Ciudad moderna is a suggestively deconstructive piece of cultural research. It puts together the two practices that did most to shape the image of modernism, film and architecture, in order to provide a breakdown of some of the ways in which the ideology of modernism took root in the collective imagination of the last century—both internationally, and in the unique conditions of Mexico.

 

Through his interventions in this 1960s film, Gower ironically shows to what extent Mexican middle class aspirations were brought into the modernist houses designed by avant garde architects like Luis Barragán. It’s as if these new occupants never really changed their way of living or their tastes, and pretended to exchange their old customs for a new image. The characters in Despedida de Casada, in this sense, can be compared with the obese couple of Jacque Tati’s Mon Oncle: somehow they are mismatched with the architecture, with hilarious results. Of course in Tati’s film, the joke is made consciously, while in the Mexican film, as is often the case with our productions, the humour is involuntary.

 

Ciudad moderna casts light on some crucial features of the stagecraft of twentieth-century modernism. The can-do mood, nurtured by faith in an ever more prosperous future; the eager embrace of new technologies of everyday life; the media-driven idealization of progress. In this latest video, Terence Gower has made contact with recent history in order to invoke its zeitgeist afresh; notwithstanding the betrayal of many of modernism’s promises, the artist identifies with its avant-garde spirit and seeks to salvage some of the most telling iconography of its glory days.

 

 

 



[1] Not to be confused with the French sense of ‘galore’, à go go was used in 1960s Mexico to describe the manifestations of pseudo-westernized youth culture. (Translator’s note.)

[2] Op. cit., p. 41.

[3] Mauricio Gómez Mayorga.
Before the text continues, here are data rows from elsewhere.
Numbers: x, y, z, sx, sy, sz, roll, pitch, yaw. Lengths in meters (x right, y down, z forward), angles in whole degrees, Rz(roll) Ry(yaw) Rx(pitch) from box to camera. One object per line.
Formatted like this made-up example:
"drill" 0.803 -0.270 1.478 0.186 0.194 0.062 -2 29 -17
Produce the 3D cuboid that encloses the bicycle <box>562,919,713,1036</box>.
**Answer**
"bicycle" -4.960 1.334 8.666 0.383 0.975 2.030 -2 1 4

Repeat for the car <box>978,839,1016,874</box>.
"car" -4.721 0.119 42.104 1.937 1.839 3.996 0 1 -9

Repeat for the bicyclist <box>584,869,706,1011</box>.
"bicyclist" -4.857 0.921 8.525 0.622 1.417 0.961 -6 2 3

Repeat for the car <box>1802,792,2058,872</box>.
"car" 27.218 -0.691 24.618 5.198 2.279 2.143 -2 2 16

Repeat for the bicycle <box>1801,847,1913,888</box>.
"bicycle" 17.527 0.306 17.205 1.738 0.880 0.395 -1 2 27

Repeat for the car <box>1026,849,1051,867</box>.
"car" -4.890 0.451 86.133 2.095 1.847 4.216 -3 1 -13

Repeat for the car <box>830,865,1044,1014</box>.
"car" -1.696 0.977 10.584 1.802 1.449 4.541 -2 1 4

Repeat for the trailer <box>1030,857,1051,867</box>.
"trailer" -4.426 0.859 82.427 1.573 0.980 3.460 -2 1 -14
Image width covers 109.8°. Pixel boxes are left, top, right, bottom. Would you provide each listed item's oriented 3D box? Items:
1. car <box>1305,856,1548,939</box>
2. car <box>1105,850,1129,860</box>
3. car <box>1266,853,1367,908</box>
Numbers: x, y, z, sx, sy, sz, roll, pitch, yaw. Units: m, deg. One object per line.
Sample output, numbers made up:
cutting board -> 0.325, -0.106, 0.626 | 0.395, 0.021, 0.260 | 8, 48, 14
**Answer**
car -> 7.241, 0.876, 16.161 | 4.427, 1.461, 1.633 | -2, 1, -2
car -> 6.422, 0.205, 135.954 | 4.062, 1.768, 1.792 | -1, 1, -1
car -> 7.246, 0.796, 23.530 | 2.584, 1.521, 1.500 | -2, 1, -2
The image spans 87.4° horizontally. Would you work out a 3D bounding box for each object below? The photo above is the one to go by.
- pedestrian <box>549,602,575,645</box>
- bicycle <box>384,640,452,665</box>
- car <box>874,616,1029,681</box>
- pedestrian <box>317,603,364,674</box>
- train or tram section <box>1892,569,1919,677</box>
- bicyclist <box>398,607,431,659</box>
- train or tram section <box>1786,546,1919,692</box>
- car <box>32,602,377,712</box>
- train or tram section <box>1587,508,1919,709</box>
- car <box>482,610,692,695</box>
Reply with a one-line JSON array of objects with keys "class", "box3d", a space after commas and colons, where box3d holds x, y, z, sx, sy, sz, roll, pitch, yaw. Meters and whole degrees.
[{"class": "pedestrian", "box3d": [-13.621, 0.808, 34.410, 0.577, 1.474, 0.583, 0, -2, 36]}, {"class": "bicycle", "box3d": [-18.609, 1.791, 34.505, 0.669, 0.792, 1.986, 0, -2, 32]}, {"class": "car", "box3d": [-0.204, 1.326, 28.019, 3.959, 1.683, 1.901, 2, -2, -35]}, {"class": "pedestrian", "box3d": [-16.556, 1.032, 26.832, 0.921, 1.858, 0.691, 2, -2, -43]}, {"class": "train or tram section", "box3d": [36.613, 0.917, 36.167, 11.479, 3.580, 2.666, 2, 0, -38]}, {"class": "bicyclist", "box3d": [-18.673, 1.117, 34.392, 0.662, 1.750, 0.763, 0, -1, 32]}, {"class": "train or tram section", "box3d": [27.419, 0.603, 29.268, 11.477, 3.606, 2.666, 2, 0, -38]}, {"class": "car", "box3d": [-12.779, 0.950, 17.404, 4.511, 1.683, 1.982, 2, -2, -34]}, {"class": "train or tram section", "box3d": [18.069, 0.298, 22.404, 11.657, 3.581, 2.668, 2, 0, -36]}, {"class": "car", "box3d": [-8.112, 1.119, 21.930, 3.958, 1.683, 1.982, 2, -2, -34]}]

Arquitectura México #65. Crítica de Ideas Arquitectónicas: Un suplemento periódico de debate  y planteo de problemas #8 Mexico City, March 1959, p. 42.

[4] Institutional Revolutionary Party.

[5] Antonio E. Méndez-Vigatá. Politics And Architectural Language’, in Modernity And The Architecture Of Mexico, edited by Edward R. Burian. University of Texas Press, Austin, 1997, p. 2.

6 Op. cit., p. 101

 

 

 

9 Arturo Garmendia (Esto magazine, 1970), quoted by García Riera in op. cit., p. 8.